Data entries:

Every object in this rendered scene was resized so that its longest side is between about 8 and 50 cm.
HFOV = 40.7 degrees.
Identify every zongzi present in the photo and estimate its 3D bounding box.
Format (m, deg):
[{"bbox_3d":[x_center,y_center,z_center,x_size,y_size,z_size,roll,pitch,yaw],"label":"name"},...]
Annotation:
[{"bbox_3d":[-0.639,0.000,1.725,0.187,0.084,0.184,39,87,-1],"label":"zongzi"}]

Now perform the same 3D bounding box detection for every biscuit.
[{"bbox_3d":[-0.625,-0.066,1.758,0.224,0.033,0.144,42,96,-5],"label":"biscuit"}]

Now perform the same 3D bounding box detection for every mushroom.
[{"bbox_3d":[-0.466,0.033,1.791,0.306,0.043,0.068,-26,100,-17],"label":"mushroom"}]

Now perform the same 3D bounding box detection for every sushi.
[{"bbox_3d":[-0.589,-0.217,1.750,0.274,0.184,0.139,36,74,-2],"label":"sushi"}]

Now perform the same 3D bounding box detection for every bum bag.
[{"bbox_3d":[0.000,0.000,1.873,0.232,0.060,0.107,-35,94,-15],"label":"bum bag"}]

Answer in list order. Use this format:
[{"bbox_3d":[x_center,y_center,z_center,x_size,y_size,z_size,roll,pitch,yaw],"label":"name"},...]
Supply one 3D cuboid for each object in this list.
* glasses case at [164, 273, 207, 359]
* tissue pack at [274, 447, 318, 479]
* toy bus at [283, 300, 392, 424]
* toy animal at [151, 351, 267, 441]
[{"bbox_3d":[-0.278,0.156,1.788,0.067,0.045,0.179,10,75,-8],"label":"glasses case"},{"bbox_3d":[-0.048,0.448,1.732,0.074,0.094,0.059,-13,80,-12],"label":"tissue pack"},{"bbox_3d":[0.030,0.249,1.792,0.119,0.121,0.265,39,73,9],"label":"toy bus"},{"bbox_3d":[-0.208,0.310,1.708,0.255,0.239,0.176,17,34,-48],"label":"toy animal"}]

---

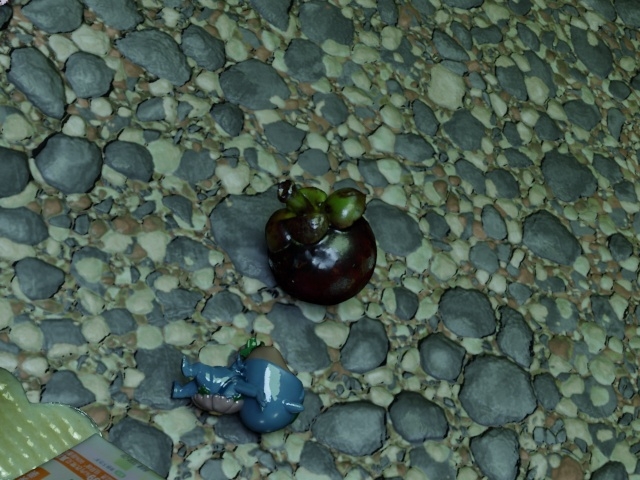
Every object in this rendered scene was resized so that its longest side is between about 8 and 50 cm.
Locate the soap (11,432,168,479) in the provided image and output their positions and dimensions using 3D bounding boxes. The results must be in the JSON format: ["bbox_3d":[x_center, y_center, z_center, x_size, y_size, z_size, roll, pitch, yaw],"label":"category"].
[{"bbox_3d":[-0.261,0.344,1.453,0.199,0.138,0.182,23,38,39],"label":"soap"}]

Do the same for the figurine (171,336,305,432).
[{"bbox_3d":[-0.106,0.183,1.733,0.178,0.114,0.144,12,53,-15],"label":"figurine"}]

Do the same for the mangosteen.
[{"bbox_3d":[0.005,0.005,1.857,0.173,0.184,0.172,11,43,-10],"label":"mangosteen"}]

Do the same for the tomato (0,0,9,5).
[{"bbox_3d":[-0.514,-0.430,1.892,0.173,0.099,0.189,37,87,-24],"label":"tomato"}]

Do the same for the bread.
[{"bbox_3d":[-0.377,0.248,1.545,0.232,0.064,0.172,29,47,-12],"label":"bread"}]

* * *

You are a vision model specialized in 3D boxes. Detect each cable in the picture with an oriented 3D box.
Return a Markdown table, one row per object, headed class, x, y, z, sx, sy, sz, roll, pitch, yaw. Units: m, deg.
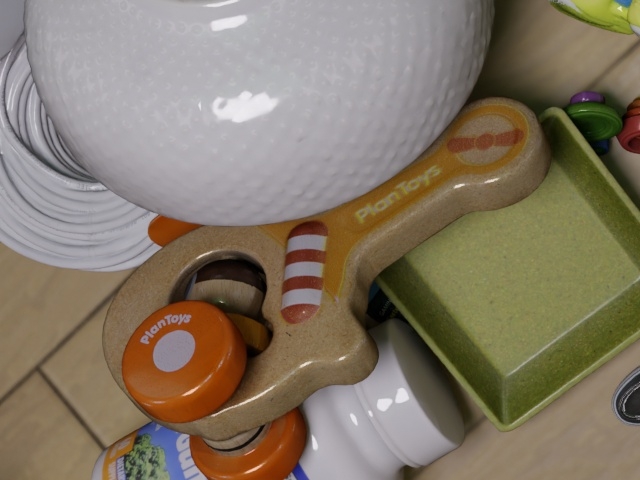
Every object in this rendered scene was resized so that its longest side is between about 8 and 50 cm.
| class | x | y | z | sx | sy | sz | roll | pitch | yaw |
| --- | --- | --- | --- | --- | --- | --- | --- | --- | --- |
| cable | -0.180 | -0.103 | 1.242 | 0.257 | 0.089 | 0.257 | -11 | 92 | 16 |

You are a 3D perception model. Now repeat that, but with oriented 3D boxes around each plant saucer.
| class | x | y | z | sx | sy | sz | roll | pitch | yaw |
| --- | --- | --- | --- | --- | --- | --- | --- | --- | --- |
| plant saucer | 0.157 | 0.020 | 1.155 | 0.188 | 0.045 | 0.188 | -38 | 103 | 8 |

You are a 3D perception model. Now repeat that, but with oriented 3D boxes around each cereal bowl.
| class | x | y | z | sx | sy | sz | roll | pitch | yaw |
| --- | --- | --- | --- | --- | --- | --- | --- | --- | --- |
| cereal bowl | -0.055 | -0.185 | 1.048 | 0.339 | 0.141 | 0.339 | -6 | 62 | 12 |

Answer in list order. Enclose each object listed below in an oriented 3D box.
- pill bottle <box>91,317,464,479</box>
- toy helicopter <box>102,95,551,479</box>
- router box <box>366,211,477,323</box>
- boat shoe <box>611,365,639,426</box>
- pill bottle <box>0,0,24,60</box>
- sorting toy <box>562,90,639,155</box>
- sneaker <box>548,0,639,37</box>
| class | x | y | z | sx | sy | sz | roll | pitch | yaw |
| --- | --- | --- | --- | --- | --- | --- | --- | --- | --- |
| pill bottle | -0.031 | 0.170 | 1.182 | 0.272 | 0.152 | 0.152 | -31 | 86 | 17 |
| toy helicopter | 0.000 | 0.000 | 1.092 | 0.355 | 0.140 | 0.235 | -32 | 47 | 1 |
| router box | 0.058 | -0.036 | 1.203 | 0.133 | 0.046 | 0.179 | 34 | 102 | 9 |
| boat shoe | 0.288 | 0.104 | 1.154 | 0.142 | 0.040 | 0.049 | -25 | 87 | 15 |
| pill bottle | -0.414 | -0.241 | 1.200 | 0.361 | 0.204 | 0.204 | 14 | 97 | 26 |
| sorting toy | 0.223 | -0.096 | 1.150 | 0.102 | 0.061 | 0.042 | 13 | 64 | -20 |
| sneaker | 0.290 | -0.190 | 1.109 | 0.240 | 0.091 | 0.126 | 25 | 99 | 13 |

### Goal of the exercise:
Identify the lines of the entries containing the string "list". Copy each such line.

### Output:
Answer in list order. Use this format:
Supply one 3D cuboid for each object in this list.
Answer in list order. Enclose each object listed below in an oriented 3D box.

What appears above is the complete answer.